═══ Material for this task ═══

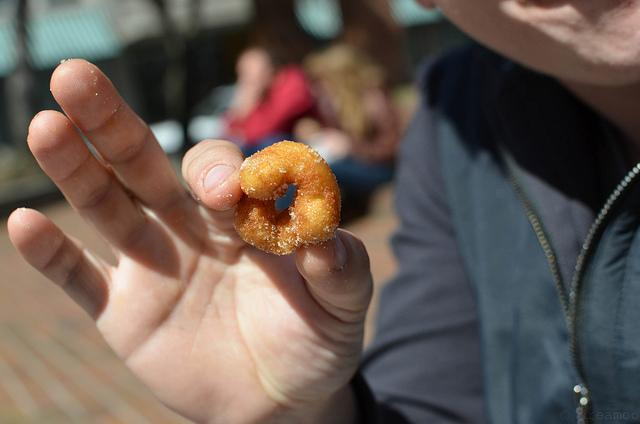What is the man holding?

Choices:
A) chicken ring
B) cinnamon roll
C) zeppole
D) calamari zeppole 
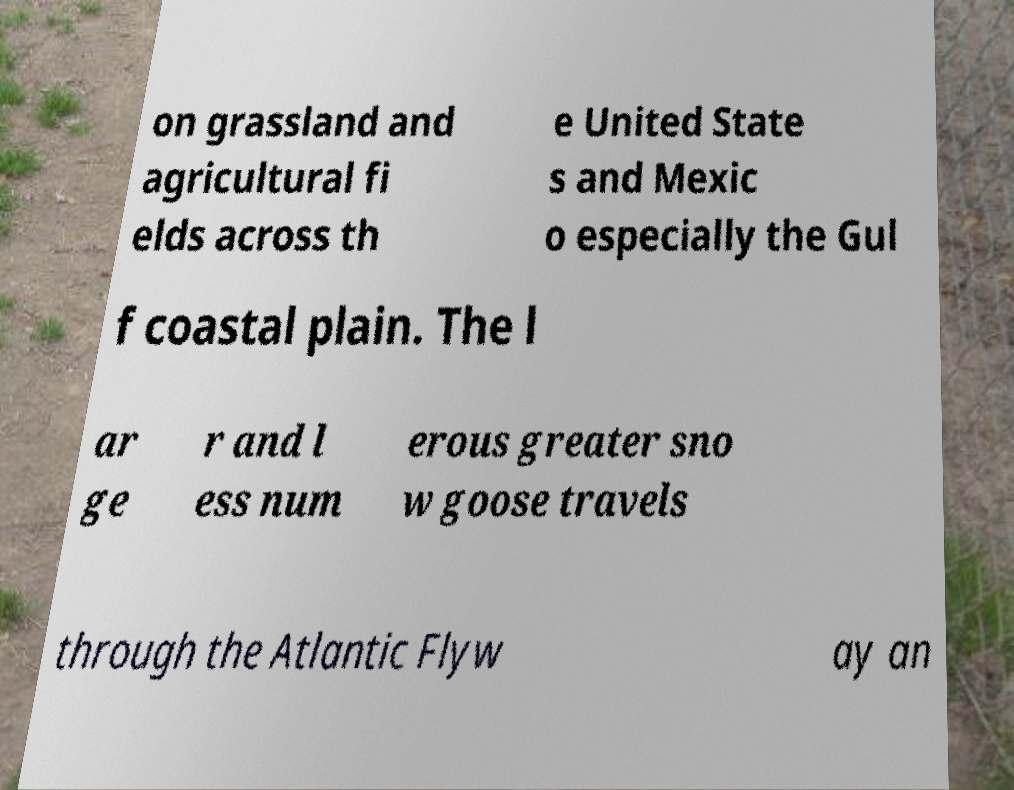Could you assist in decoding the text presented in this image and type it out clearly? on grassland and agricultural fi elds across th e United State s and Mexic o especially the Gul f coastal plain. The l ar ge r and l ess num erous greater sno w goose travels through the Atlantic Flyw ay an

═══
═══ Material for this task ═══

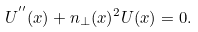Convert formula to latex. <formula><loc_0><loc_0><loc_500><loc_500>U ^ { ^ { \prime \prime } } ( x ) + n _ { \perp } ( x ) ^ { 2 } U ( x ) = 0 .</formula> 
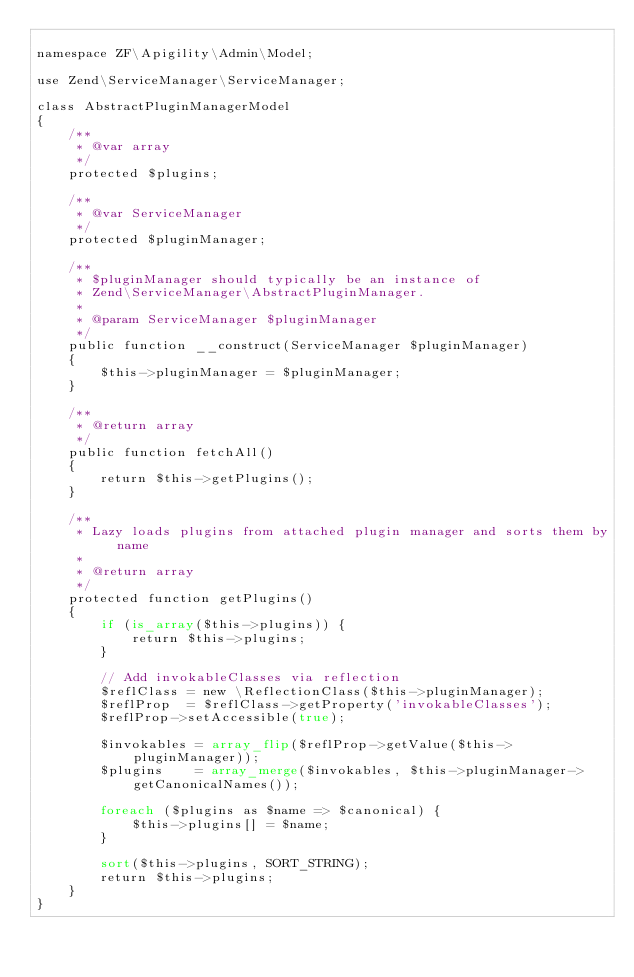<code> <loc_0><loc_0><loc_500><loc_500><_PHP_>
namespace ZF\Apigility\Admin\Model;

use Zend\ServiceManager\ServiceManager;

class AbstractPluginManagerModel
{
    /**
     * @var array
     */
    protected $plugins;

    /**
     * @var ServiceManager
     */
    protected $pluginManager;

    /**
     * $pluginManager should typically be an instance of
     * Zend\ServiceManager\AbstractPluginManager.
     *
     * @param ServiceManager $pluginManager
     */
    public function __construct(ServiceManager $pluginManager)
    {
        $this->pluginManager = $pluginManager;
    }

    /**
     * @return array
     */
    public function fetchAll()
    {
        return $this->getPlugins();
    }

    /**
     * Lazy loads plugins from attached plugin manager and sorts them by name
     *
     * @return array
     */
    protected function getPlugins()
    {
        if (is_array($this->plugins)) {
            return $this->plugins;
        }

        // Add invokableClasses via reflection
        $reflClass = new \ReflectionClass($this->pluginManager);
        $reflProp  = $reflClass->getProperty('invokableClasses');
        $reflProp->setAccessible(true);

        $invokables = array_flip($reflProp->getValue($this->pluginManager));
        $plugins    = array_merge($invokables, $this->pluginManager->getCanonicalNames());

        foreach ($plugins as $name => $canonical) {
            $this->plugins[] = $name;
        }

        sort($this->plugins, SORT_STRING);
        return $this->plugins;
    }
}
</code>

═══

**Problem details**
Please print the lines above word for word, starting at the one with "B) cinnamon roll" and ending at the one with "Could you assist", both included, and without any picture.

**Answer to this task**
B) cinnamon roll
C) zeppole
D) calamari zeppole 
Could you assist in decoding the text presented in this image and type it out clearly? on grassland and agricultural fi elds across th e United State s and Mexic o especially the Gul f coastal plain. The l ar ge r and l ess num erous greater sno w goose travels through the Atlantic Flyw ay an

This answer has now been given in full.